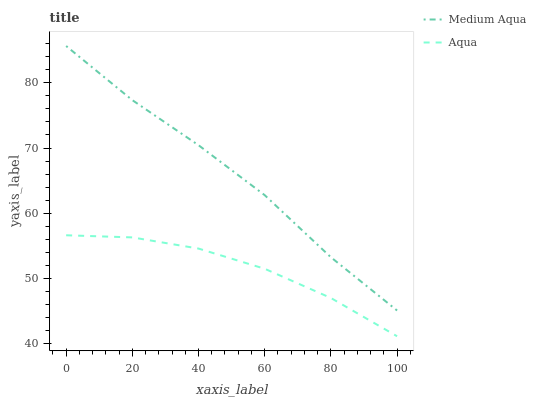Does Medium Aqua have the minimum area under the curve?
Answer yes or no. No. Is Medium Aqua the roughest?
Answer yes or no. No. Does Medium Aqua have the lowest value?
Answer yes or no. No. Is Aqua less than Medium Aqua?
Answer yes or no. Yes. Is Medium Aqua greater than Aqua?
Answer yes or no. Yes. Does Aqua intersect Medium Aqua?
Answer yes or no. No. 
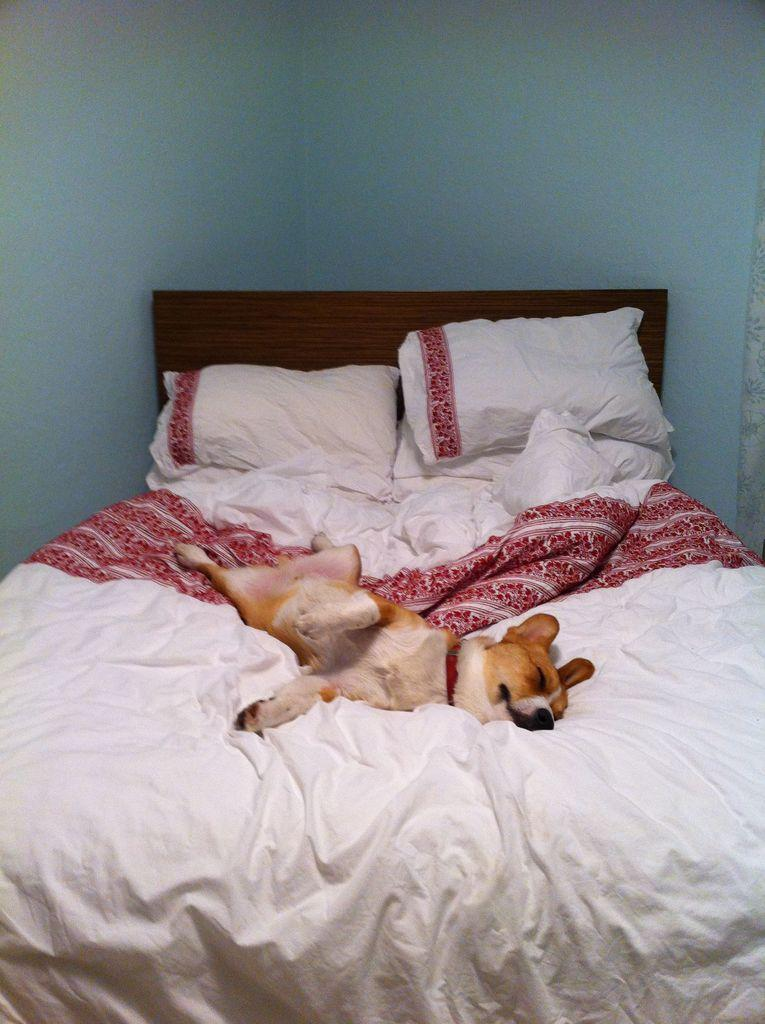What piece of furniture is present in the image? There is a bed in the image. What color is the bed sheet on the bed? The bed sheet on the bed is white. What else is white on the bed? The pillows on the bed are also white. What is the dog on the bed doing? The dog on the bed is sleeping. What color is the wall in the background of the image? The wall in the background of the image is blue. How does the dog maintain its balance on the bed while attacking the lettuce? There is no lettuce present in the image, and the dog is sleeping, not attacking anything. 
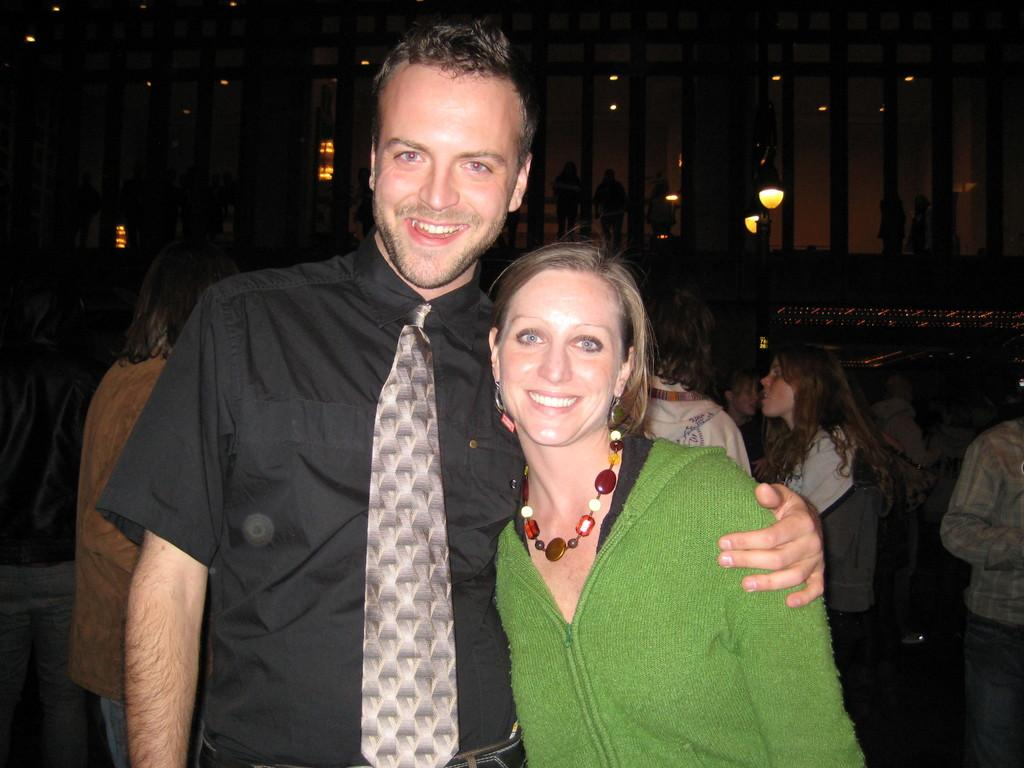What can be seen in the foreground of the image? There are persons standing in the front of the image. What are the expressions of the persons in the front? The persons in the front are smiling. What is visible in the background of the image? There is a group of persons, lights hanging, and a wooden fence in the background. What type of skate is being used by the persons in the image? There is no skate present in the image; the persons are standing on the ground. What type of approval is being given by the persons in the image? There is no indication of approval or disapproval in the image; the persons are simply standing and smiling. 
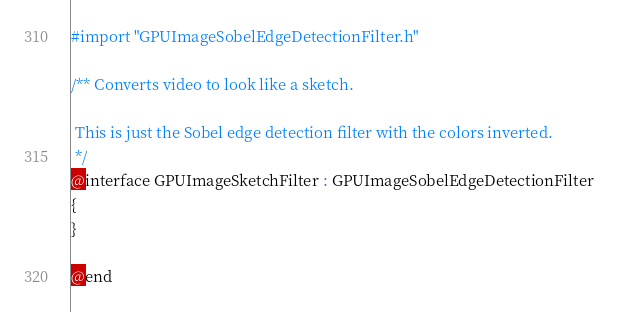Convert code to text. <code><loc_0><loc_0><loc_500><loc_500><_C_>#import "GPUImageSobelEdgeDetectionFilter.h"

/** Converts video to look like a sketch.
 
 This is just the Sobel edge detection filter with the colors inverted.
 */
@interface GPUImageSketchFilter : GPUImageSobelEdgeDetectionFilter
{
}

@end
</code> 
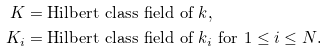Convert formula to latex. <formula><loc_0><loc_0><loc_500><loc_500>K & = \text {Hilbert class field of $k$,} \\ K _ { i } & = \text {Hilbert class field of $k_{i}$ for $1\leq i\leq N$.}</formula>

→ Description of the task: Write out an exact reproduction of the lines from the line that holds "GPUImageSketchFilter : GPUImageSobelEdgeDetectionFilter" to the bottom of the listing above, both ends included. Exclude pictures.

→ Response:
@interface GPUImageSketchFilter : GPUImageSobelEdgeDetectionFilter
{
}

@end
</code> 
Convert formula to latex. <formula><loc_0><loc_0><loc_500><loc_500>K & = \text {Hilbert class field of $k$,} \\ K _ { i } & = \text {Hilbert class field of $k_{i}$ for $1\leq i\leq N$.}</formula>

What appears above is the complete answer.